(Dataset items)

((

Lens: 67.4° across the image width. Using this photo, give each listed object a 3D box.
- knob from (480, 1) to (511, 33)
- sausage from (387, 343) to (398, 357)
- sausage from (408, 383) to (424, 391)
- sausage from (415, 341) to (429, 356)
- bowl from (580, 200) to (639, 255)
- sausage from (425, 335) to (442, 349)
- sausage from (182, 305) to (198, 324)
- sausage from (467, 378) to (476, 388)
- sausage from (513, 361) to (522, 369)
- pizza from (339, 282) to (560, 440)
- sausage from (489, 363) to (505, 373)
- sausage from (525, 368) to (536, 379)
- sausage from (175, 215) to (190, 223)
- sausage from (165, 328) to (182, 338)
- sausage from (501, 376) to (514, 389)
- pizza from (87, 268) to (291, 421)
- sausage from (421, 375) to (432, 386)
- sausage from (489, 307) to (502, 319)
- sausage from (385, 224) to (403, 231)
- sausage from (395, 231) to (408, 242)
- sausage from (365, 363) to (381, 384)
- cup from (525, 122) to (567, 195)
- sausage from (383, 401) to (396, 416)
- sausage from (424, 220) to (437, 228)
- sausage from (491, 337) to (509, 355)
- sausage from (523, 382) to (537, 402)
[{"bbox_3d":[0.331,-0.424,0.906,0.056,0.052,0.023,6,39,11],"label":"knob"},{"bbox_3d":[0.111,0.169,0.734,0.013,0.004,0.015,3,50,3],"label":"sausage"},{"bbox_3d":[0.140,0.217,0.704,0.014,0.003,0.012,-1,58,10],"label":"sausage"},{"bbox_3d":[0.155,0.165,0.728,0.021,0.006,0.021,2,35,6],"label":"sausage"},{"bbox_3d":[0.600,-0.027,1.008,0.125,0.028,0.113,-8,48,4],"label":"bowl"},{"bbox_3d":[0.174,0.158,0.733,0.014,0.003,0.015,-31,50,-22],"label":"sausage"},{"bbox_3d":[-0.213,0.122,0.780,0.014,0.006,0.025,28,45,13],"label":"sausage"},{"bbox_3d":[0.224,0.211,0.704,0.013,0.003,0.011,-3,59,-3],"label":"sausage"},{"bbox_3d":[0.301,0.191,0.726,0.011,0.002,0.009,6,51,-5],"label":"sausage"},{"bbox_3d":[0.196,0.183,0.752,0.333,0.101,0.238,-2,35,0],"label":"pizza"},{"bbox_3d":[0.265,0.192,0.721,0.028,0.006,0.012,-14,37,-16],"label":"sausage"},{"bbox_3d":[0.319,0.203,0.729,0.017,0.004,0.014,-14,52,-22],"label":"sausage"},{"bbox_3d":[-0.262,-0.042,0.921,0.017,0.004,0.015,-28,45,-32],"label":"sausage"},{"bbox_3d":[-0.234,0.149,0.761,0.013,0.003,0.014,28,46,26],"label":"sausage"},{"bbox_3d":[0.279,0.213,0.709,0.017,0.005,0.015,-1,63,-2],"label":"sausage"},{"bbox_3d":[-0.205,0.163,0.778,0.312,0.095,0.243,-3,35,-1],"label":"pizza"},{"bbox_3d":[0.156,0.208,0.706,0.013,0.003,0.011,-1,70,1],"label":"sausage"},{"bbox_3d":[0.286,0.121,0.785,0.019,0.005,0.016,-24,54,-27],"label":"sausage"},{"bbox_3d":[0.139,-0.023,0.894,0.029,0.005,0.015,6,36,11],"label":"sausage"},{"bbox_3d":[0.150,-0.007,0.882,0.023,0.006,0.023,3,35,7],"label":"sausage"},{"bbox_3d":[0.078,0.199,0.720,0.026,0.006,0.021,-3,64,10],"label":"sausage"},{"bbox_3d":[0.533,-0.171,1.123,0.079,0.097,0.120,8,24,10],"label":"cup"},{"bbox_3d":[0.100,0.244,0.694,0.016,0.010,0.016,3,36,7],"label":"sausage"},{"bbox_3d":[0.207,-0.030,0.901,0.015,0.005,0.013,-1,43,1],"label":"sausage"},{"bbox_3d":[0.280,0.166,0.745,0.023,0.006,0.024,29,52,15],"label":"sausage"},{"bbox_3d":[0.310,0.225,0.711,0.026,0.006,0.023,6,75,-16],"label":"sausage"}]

))

→ **Task details**
Print the records again, exactly as they stand above.

→ **Solution**
Lens: 67.4° across the image width. Using this photo, give each listed object a 3D box.
- knob from (480, 1) to (511, 33)
- sausage from (387, 343) to (398, 357)
- sausage from (408, 383) to (424, 391)
- sausage from (415, 341) to (429, 356)
- bowl from (580, 200) to (639, 255)
- sausage from (425, 335) to (442, 349)
- sausage from (182, 305) to (198, 324)
- sausage from (467, 378) to (476, 388)
- sausage from (513, 361) to (522, 369)
- pizza from (339, 282) to (560, 440)
- sausage from (489, 363) to (505, 373)
- sausage from (525, 368) to (536, 379)
- sausage from (175, 215) to (190, 223)
- sausage from (165, 328) to (182, 338)
- sausage from (501, 376) to (514, 389)
- pizza from (87, 268) to (291, 421)
- sausage from (421, 375) to (432, 386)
- sausage from (489, 307) to (502, 319)
- sausage from (385, 224) to (403, 231)
- sausage from (395, 231) to (408, 242)
- sausage from (365, 363) to (381, 384)
- cup from (525, 122) to (567, 195)
- sausage from (383, 401) to (396, 416)
- sausage from (424, 220) to (437, 228)
- sausage from (491, 337) to (509, 355)
- sausage from (523, 382) to (537, 402)
[{"bbox_3d":[0.331,-0.424,0.906,0.056,0.052,0.023,6,39,11],"label":"knob"},{"bbox_3d":[0.111,0.169,0.734,0.013,0.004,0.015,3,50,3],"label":"sausage"},{"bbox_3d":[0.140,0.217,0.704,0.014,0.003,0.012,-1,58,10],"label":"sausage"},{"bbox_3d":[0.155,0.165,0.728,0.021,0.006,0.021,2,35,6],"label":"sausage"},{"bbox_3d":[0.600,-0.027,1.008,0.125,0.028,0.113,-8,48,4],"label":"bowl"},{"bbox_3d":[0.174,0.158,0.733,0.014,0.003,0.015,-31,50,-22],"label":"sausage"},{"bbox_3d":[-0.213,0.122,0.780,0.014,0.006,0.025,28,45,13],"label":"sausage"},{"bbox_3d":[0.224,0.211,0.704,0.013,0.003,0.011,-3,59,-3],"label":"sausage"},{"bbox_3d":[0.301,0.191,0.726,0.011,0.002,0.009,6,51,-5],"label":"sausage"},{"bbox_3d":[0.196,0.183,0.752,0.333,0.101,0.238,-2,35,0],"label":"pizza"},{"bbox_3d":[0.265,0.192,0.721,0.028,0.006,0.012,-14,37,-16],"label":"sausage"},{"bbox_3d":[0.319,0.203,0.729,0.017,0.004,0.014,-14,52,-22],"label":"sausage"},{"bbox_3d":[-0.262,-0.042,0.921,0.017,0.004,0.015,-28,45,-32],"label":"sausage"},{"bbox_3d":[-0.234,0.149,0.761,0.013,0.003,0.014,28,46,26],"label":"sausage"},{"bbox_3d":[0.279,0.213,0.709,0.017,0.005,0.015,-1,63,-2],"label":"sausage"},{"bbox_3d":[-0.205,0.163,0.778,0.312,0.095,0.243,-3,35,-1],"label":"pizza"},{"bbox_3d":[0.156,0.208,0.706,0.013,0.003,0.011,-1,70,1],"label":"sausage"},{"bbox_3d":[0.286,0.121,0.785,0.019,0.005,0.016,-24,54,-27],"label":"sausage"},{"bbox_3d":[0.139,-0.023,0.894,0.029,0.005,0.015,6,36,11],"label":"sausage"},{"bbox_3d":[0.150,-0.007,0.882,0.023,0.006,0.023,3,35,7],"label":"sausage"},{"bbox_3d":[0.078,0.199,0.720,0.026,0.006,0.021,-3,64,10],"label":"sausage"},{"bbox_3d":[0.533,-0.171,1.123,0.079,0.097,0.120,8,24,10],"label":"cup"},{"bbox_3d":[0.100,0.244,0.694,0.016,0.010,0.016,3,36,7],"label":"sausage"},{"bbox_3d":[0.207,-0.030,0.901,0.015,0.005,0.013,-1,43,1],"label":"sausage"},{"bbox_3d":[0.280,0.166,0.745,0.023,0.006,0.024,29,52,15],"label":"sausage"},{"bbox_3d":[0.310,0.225,0.711,0.026,0.006,0.023,6,75,-16],"label":"sausage"}]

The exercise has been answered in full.